Stress, spicy foods and elevated temperatures can all trigger specialized gland cells to move water to the skin – in other words, they can make us sweat. This process is one of the most important ways by which our bodies regulate their temperature and avoid life-threatening conditions such as heatstroke. Disorders in which this function is impaired, such as AIGA (acquired idiopathic generalized anhidrosis), pose significant health risks.

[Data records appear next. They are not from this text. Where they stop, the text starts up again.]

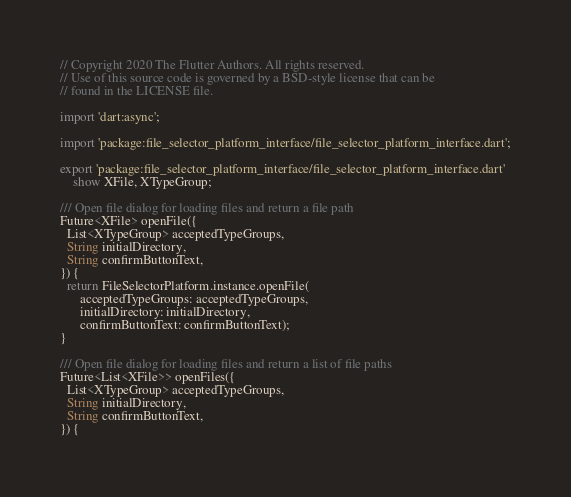<code> <loc_0><loc_0><loc_500><loc_500><_Dart_>// Copyright 2020 The Flutter Authors. All rights reserved.
// Use of this source code is governed by a BSD-style license that can be
// found in the LICENSE file.

import 'dart:async';

import 'package:file_selector_platform_interface/file_selector_platform_interface.dart';

export 'package:file_selector_platform_interface/file_selector_platform_interface.dart'
    show XFile, XTypeGroup;

/// Open file dialog for loading files and return a file path
Future<XFile> openFile({
  List<XTypeGroup> acceptedTypeGroups,
  String initialDirectory,
  String confirmButtonText,
}) {
  return FileSelectorPlatform.instance.openFile(
      acceptedTypeGroups: acceptedTypeGroups,
      initialDirectory: initialDirectory,
      confirmButtonText: confirmButtonText);
}

/// Open file dialog for loading files and return a list of file paths
Future<List<XFile>> openFiles({
  List<XTypeGroup> acceptedTypeGroups,
  String initialDirectory,
  String confirmButtonText,
}) {</code> 
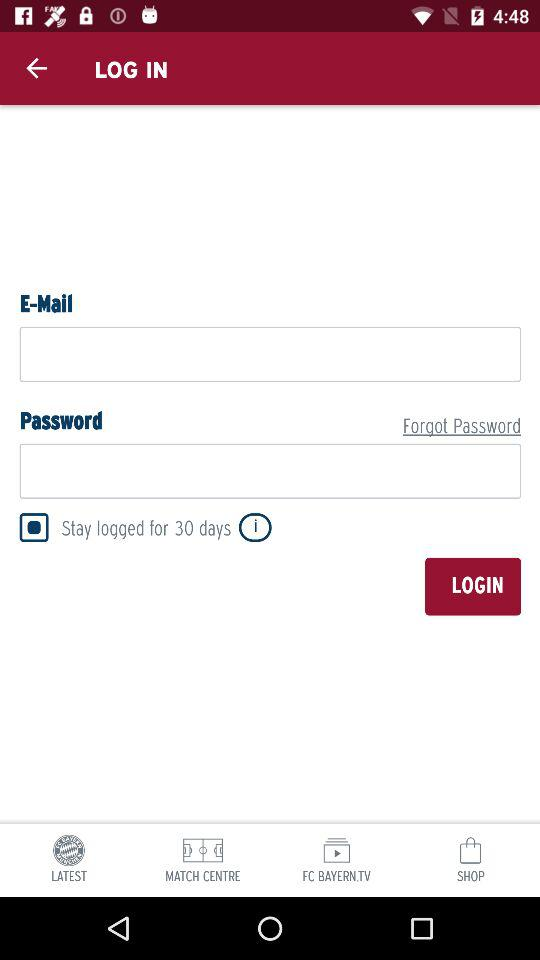For how many days can the user stay logged in? The user can stay logged in for 30 days. 
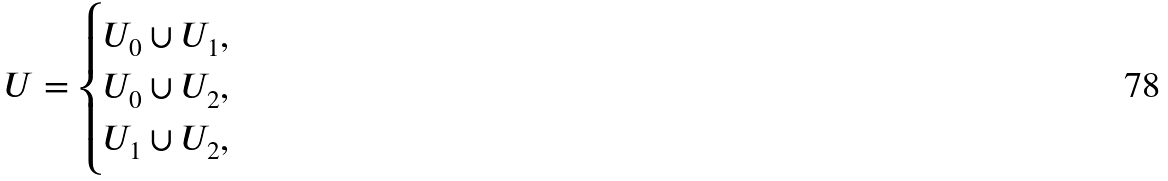<formula> <loc_0><loc_0><loc_500><loc_500>U = \begin{cases} U _ { 0 } \cup U _ { 1 } , & \\ U _ { 0 } \cup U _ { 2 } , & \\ U _ { 1 } \cup U _ { 2 } , & \\ \end{cases}</formula> 
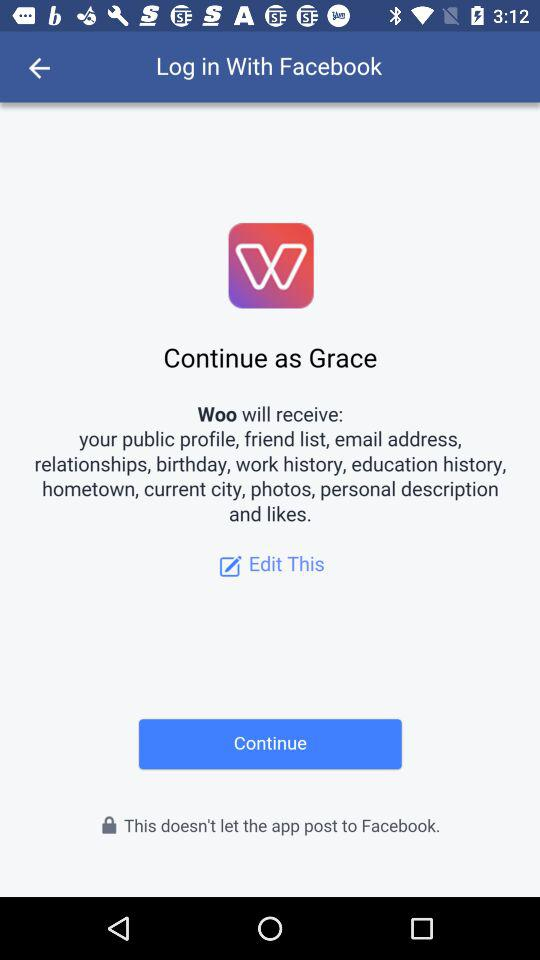What application is asking for permission? The application asking for permission is "Woo". 
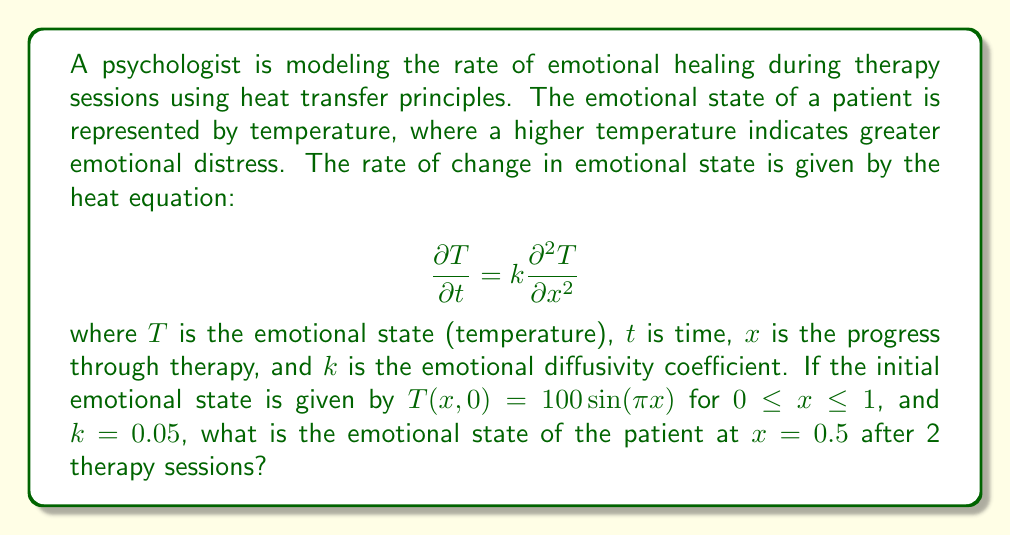Teach me how to tackle this problem. To solve this problem, we can use the separation of variables method for the heat equation:

1) The general solution to the heat equation with the given initial condition is:

   $$T(x,t) = \sum_{n=1}^{\infty} B_n \sin(n\pi x)e^{-kn^2\pi^2t}$$

2) From the initial condition, we can see that only the first term (n=1) is non-zero:

   $$T(x,0) = 100\sin(\pi x)$$

3) Therefore, our solution simplifies to:

   $$T(x,t) = 100\sin(\pi x)e^{-k\pi^2t}$$

4) We're asked about the state at x = 0.5 after 2 sessions, so we plug in these values:

   $$T(0.5, 2) = 100\sin(\pi(0.5))e^{-0.05\pi^2(2)}$$

5) Simplify:
   
   $$T(0.5, 2) = 100 \cdot 1 \cdot e^{-0.1\pi^2}$$

6) Calculate:

   $$T(0.5, 2) = 100e^{-0.1\pi^2} \approx 37.0388$$

Thus, the emotional state (temperature) at x = 0.5 after 2 sessions is approximately 37.0388.
Answer: 37.0388 
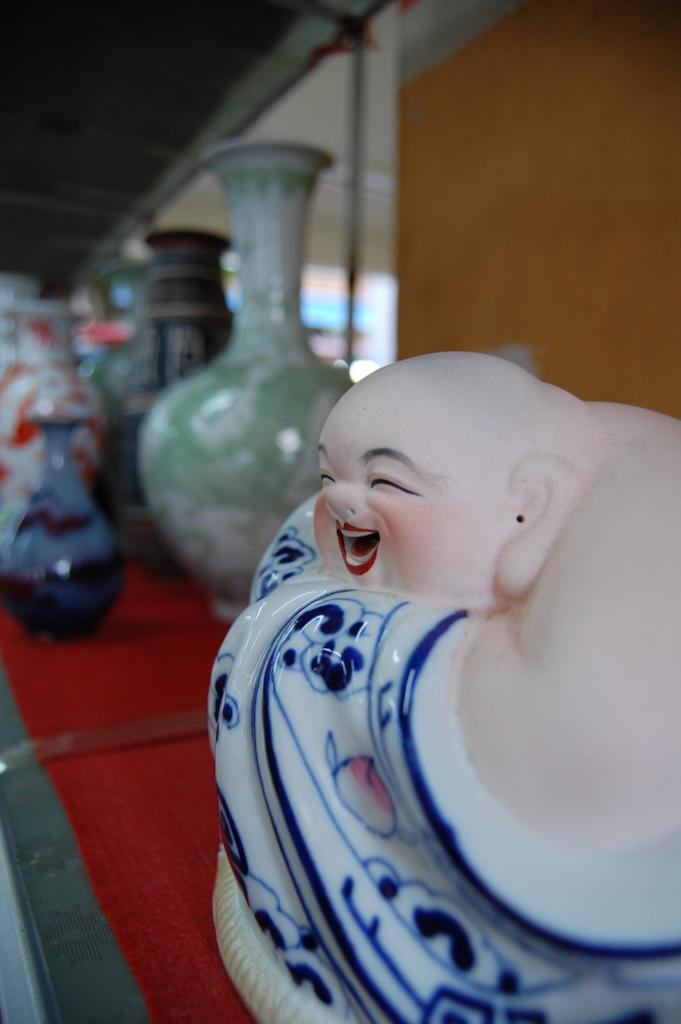What is the main subject of the image? There is a statue of a Laughing Buddha in the image. What other objects can be seen in the image? There are colorful vases in the image. What color is the surface on which the objects are placed? The objects are placed on a red surface. How would you describe the background of the image? The background of the image is blurry. What type of skin condition can be seen on the statue in the image? There is no skin condition visible on the statue in the image, as it is a statue made of a material that does not have skin. 
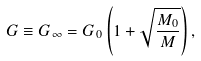Convert formula to latex. <formula><loc_0><loc_0><loc_500><loc_500>G \equiv G _ { \infty } = G _ { 0 } \left ( 1 + \sqrt { \frac { M _ { 0 } } { M } } \right ) ,</formula> 
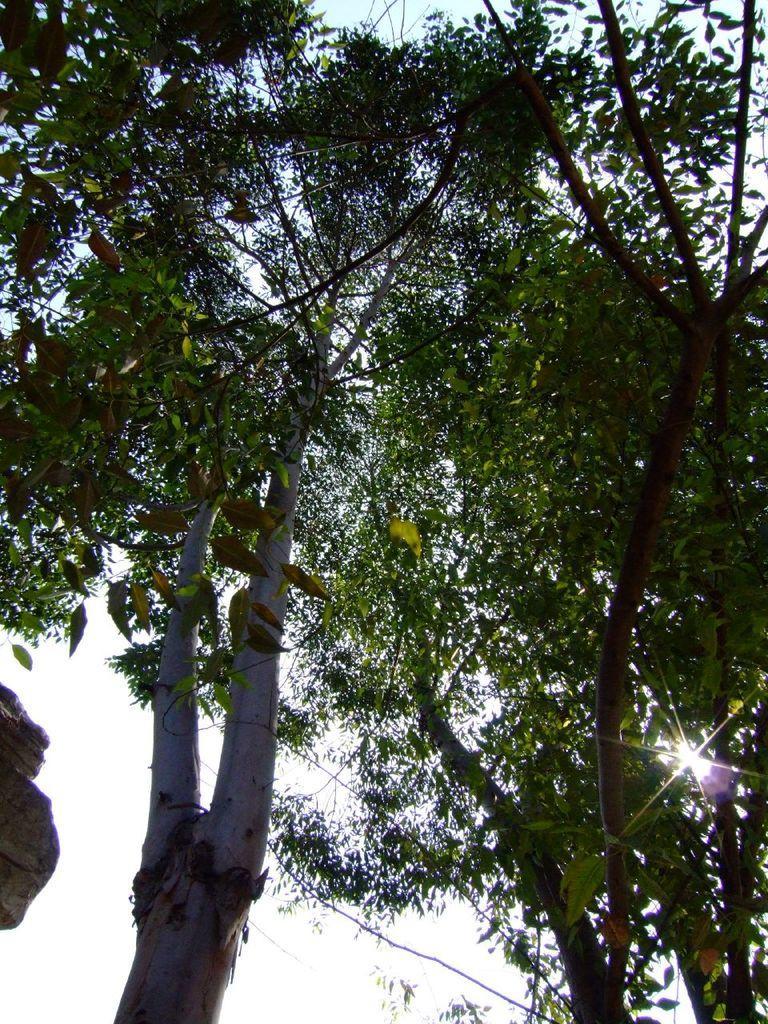Can you describe this image briefly? The picture consists of trees and sky. On the right it is sun shining in the sky. 
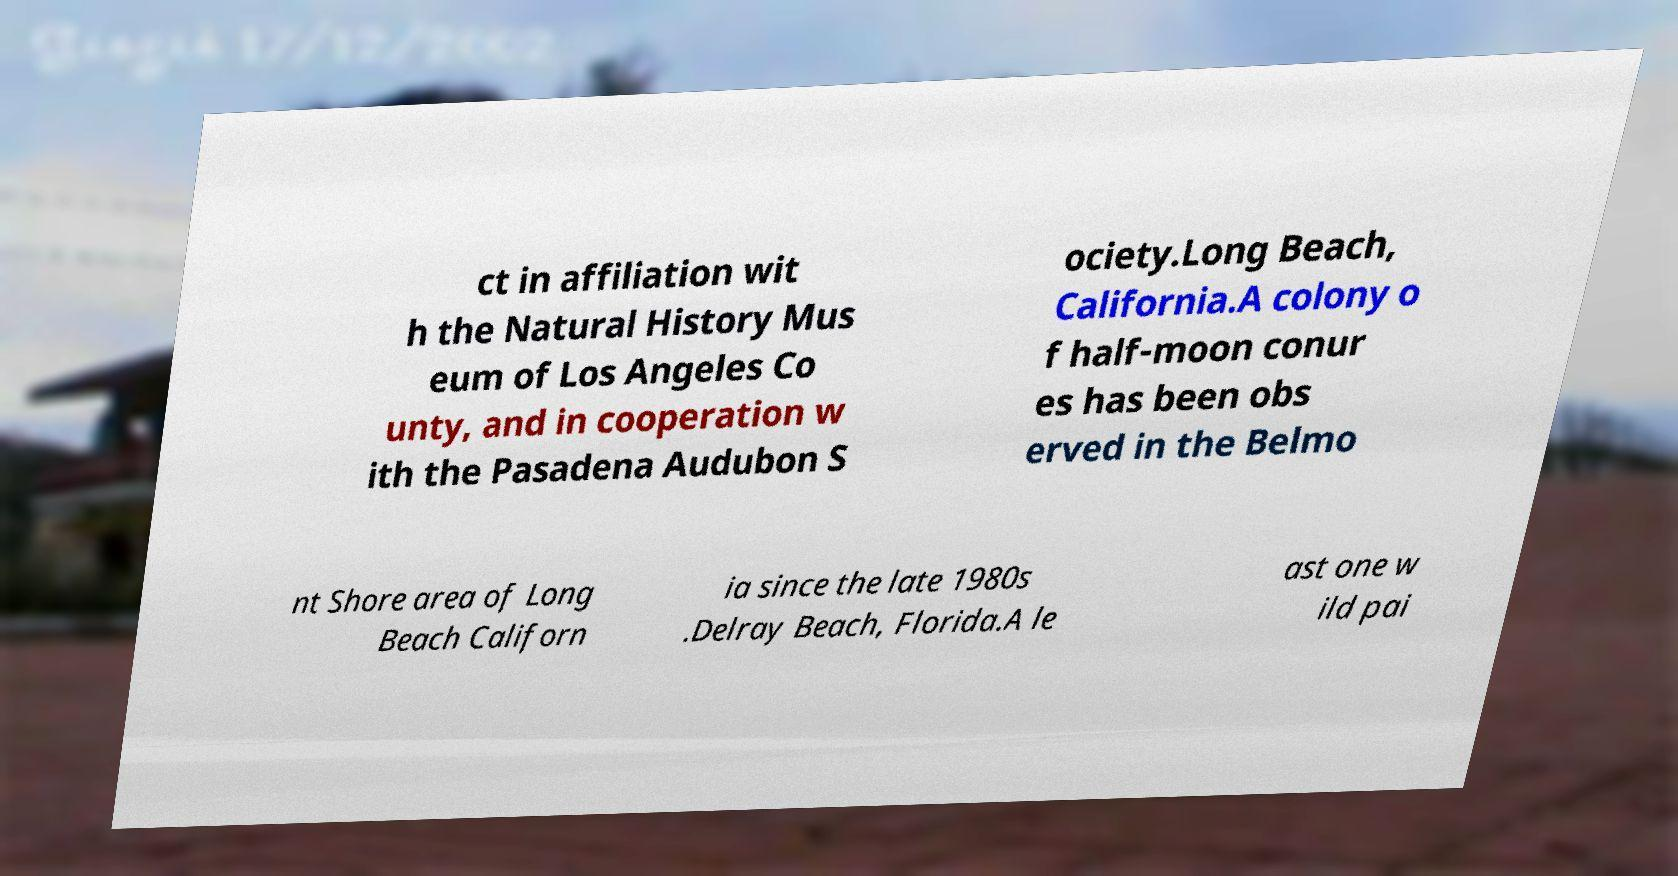Please read and relay the text visible in this image. What does it say? ct in affiliation wit h the Natural History Mus eum of Los Angeles Co unty, and in cooperation w ith the Pasadena Audubon S ociety.Long Beach, California.A colony o f half-moon conur es has been obs erved in the Belmo nt Shore area of Long Beach Californ ia since the late 1980s .Delray Beach, Florida.A le ast one w ild pai

Finding treatments for sweat-related diseases requires a detailed understanding of the molecular mechanisms behind sweating, which has yet to be achieved.

Recent research has highlighted the role of two ion channels, TRPV4 and ANO1, in regulating fluid secretion in glands that produce tears and saliva. These gate-like proteins control how certain ions move in or out of cells, which also influences water movement. Once activated by external stimuli, TRPV4 allows calcium ions to enter the cell, causing ANO1 to open and chloride ions to leave. This results in water also exiting the cell through dedicated channels, before being collected in ducts connected to the outside of the body.

TRPV4, which is activated by heat, is also present in human sweat gland cells. This prompted Kashio et al. to examine the role of these channels in sweat production, focusing on mice as well as AIGA patients. Probing TRPV4, ANO1 and AQP5 (a type of water channel) levels using fluorescent antibodies confirmed that these channels are all found in the same sweat gland cells in the foot pads of mice. Further experiments highlighted that TRPV4 mediates sweat production in these animals via ANO1 activation.

As rodents do not regulate their body temperature by sweating, Kashio et al. explored the biological benefits of having sweaty paws. Mice lacking TRPV4 had reduced sweating and were less able to climb a slippery slope, suggesting that a layer of sweat helps improve traction.

Finally, Kashio et al. compared samples obtained from healthy volunteers with those from AIGA patients and found that TRPV4 levels are lower in individuals affected by the disease. Overall, these findings reveal new insights into the underlying mechanisms of sweating, with TRPV4 a potential therapeutic target for conditions like AIGA. The results also suggest that sweating could be controlled by local changes in temperature detected by heat-sensing channels such as TRPV4. This would depart from our current understanding that sweating is solely controlled by the autonomic nervous system, which regulates involuntary bodily functions such as saliva and tear production.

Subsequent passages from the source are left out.